Ironically, the ghost of this oversight visited the church in the form of Dan Brown’s Davinci Code. Under the garb of historical fiction, Jesus was insinuated to have had a physical relationship with Mary Magdalene. It rattled the church. It need not have,for it was wholly fictitious and factitious. The reason it had such a shocking impact was the arbitrary ascription of spiritual inferiority to women. Jesus had, if you like, a ‘physical’ relationship with a leper, who got cleansed because he touched him. “Having a physical relationship” is a man-made expression the meaning of which will change if Jesus is the Son of God. Language will not define him; he will define and refine language. If Jesus has a physical relationship with Mary Magdalene she will be cleansed and her demon-possession will come to an end. That should be, ideally, the nature of man’s relationship with woman; and vice versa. The inability to see ‘woman’ as woman is the demon-possession afflicting man, if Jesus is believed.

Jesus raises the issue, for all times to come, that Simon, especially because he is a high religious functionary bounded by the roles, traditions, and stereotypes of his religion, could not ‘see’ woman. His eyes were good enough to see sinners. His religious sight is super in spotting ‘sinners’ in women. Jesus has the eyes to see a woman, created in the image and likeness of God, in the soul written off as ‘sinner’ by Simon. 

Jesus came into this world as the Son of Man so that ‘the Son of Man’ in every human being — male and female —can be awakened and expressed. It is my conviction that Christian parenting is far more crucial in this respect than anything else, including church-centered ministries, valuable though they are.

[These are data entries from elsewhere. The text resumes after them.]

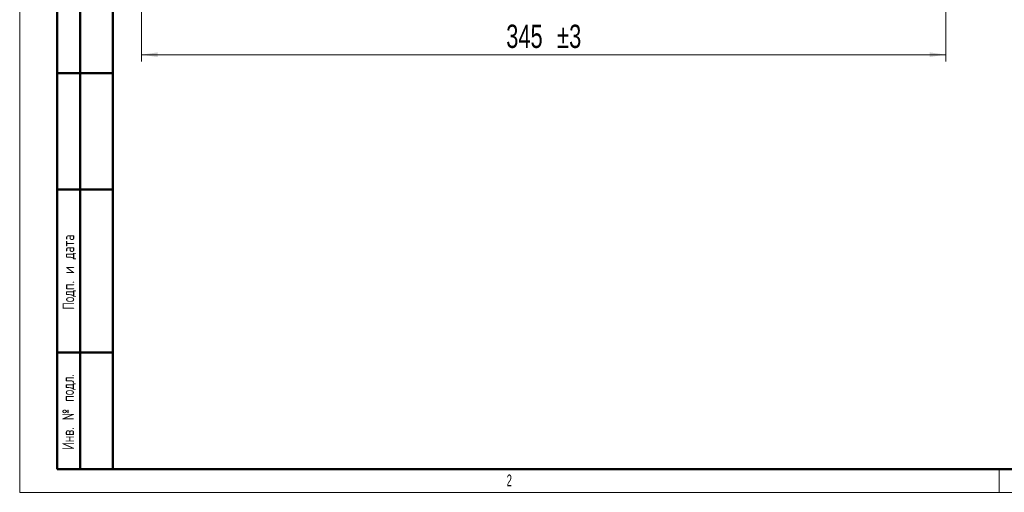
# Model space of a CAD drawing. Header units: millimetres. Extents: x 0 to 840, y 0 to 594.
# Tile 1 of 12: x 0 to 422, y 0 to 203. Entities that reach past the tile are written whole.
import ezdxf

# ---------------------------------------------------------------- set-up
doc = ezdxf.new("R2010")
doc.units = ezdxf.units.MM
doc.header["$LTSCALE"] = 2
doc.layers.add('ОСНОВНОЙ', color=7, linetype='Continuous', lineweight=25)
doc.styles.add('SLDTEXTSTYLE0', font='TXT', dxfattribs={"width": 0.7, "bigfont": 'bigfont'})
doc.styles.add('SLDTEXTSTYLE1', font='TXT', dxfattribs={"width": 0.7})
doc.styles.add('SLDTEXTSTYLE2', font='TXT', dxfattribs={"width": 0.605})
doc.dimstyles.new('SLDDIMSTYLE1', dxfattribs={"dimtxt": 10, "dimasz": 7, "dimexe": 0, "dimexo": 0.0625, "dimgap": 2.5, "dimtad": 2, "dimrnd": 1e-09, "dimzin": 12, "dimdsep": 46, "dimtxsty": 'SLDTEXTSTYLE1', "dimsah": 1, "dimcen": 0.09, "dimadec": 0, "dimazin": 3, "dimtol": 1, "dimtp": 3, "dimtm": 3, "dimtfac": 1, "dimtdec": 3, "dimtofl": 0, "dimtmove": 0, "dimatfit": 3, "dimfxl": 1, "dimfrac": 2, "dimtolj": 1, "dimarcsym": 0})

# ---------------------------------------------------------------- blocks, each defined once
blk = doc.blocks.new('_D_1')
at = {"color": 7, "linetype": 'Continuous', "lineweight": 0}
for p, q in [((52.19, 247.93), (52.19, 184.93)), ((397.19, 247.93), (397.19, 184.93)), ((52.19, 187.93), (397.19, 187.93))]:
    blk.add_line(p, q, dxfattribs=at)
at = {"color": 7, "linetype": 'Continuous', "lineweight": 18}
for points in [[(52.19, 187.93), (59.19, 186.93), (59.19, 188.93)], [(397.19, 187.93), (390.19, 188.93), (390.19, 186.93)]]:
    blk.add_solid(points, dxfattribs=at)
at = {"color": 7, "linetype": 'Continuous', "lineweight": 18, "char_height": 10, "attachment_point": 1, "style": 'SLDTEXTSTYLE1'}
for s, insert in [('345', (208.64, 200.82)), ('±3', (230.47, 200.82))]:
    blk.add_mtext(s, dxfattribs=dict(at, insert=insert))

msp = doc.modelspace()

# ---------------------------------------------------------------- linework, layer by layer
at = {"color": 7, "linetype": 'Continuous', "lineweight": 18}
for p, q in [((0, 594), (0, 0)), ((0, 0), (840, 0))]:
    msp.add_line(p, q, dxfattribs=at)
at = {"color": 7, "linetype": 'Continuous', "lineweight": 50}
for p, q in [((40, 584), (40, 10)), ((40, 584), (40, 10)), ((16, 10), (16, 300)), ((26, 10), (26, 300)), ((40, 180), (16, 180)), ((40, 130), (16, 130)), ((16, 60), (40, 60)), ((16, 10), (40, 10)), ((40, 10), (830, 10))]:
    msp.add_line(p, q, dxfattribs=at)
at = {"layer": 'ОСНОВНОЙ', "linetype": 'Continuous', "lineweight": 18}
for p, q in [((40, 10), (40, 584)), ((830, 10), (40, 10)), ((420, 10), (420, 0))]:
    msp.add_line(p, q, dxfattribs=at)

# ---------------------------------------------------------------- texts
at = {"color": 7, "linetype": 'Continuous', "lineweight": 0, "char_height": 5, "attachment_point": 2, "rotation": 90, "style": 'SLDTEXTSTYLE0'}
for s, insert in [('Подп. и дата', (18.407, 94.537)), ('Инв. № подл.', (18.285, 34.54))]:
    msp.add_mtext(s, dxfattribs=dict(at, insert=insert))
at = {"layer": 'ОСНОВНОЙ', "insert": (209.965, 7.647), "char_height": 5, "attachment_point": 2, "style": 'SLDTEXTSTYLE2'}
msp.add_mtext('2', dxfattribs=at)

# ---------------------------------------------------------------- dimensions: what is measured, and where the dimension line sits
at = {"color": 7, "linetype": 'Continuous', "lineweight": 18}
dim = msp.add_linear_dim(base=(397.191, 187.929), p1=(52.191, 247.929), p2=(397.191, 247.929), dimstyle='SLDDIMSTYLE1', dxfattribs=at)
dim.commit()
dim.dimension.update_dxf_attribs({"geometry": '_D_1', "text_midpoint": (225.335, 187.929), "dimtype": 160})

doc.saveas('drawing.dxf')

Those who have even a nodding acquaintance with the Gospels cannot fail to see the comparative centrality of Mary in the life of Jesus. Joseph, his earthly father, is by far the weaker presence. Legendary stories complementing the scripturally niggardly treatment of Jesus’ life prior to the commencement of his public ministry at the age of thirty, have it that he was close to his mother and helped her generously with household chores.  The takeaway from these plausible narratives is that mothers can play a profoundly important role in the humane formation of their sons.

Blessed is the society in which parenting makes its invaluable contribution towards creating a humane, healthy society in which women would not have to be protected by the might of the state against the gender-rooted cruelty and perversions of men.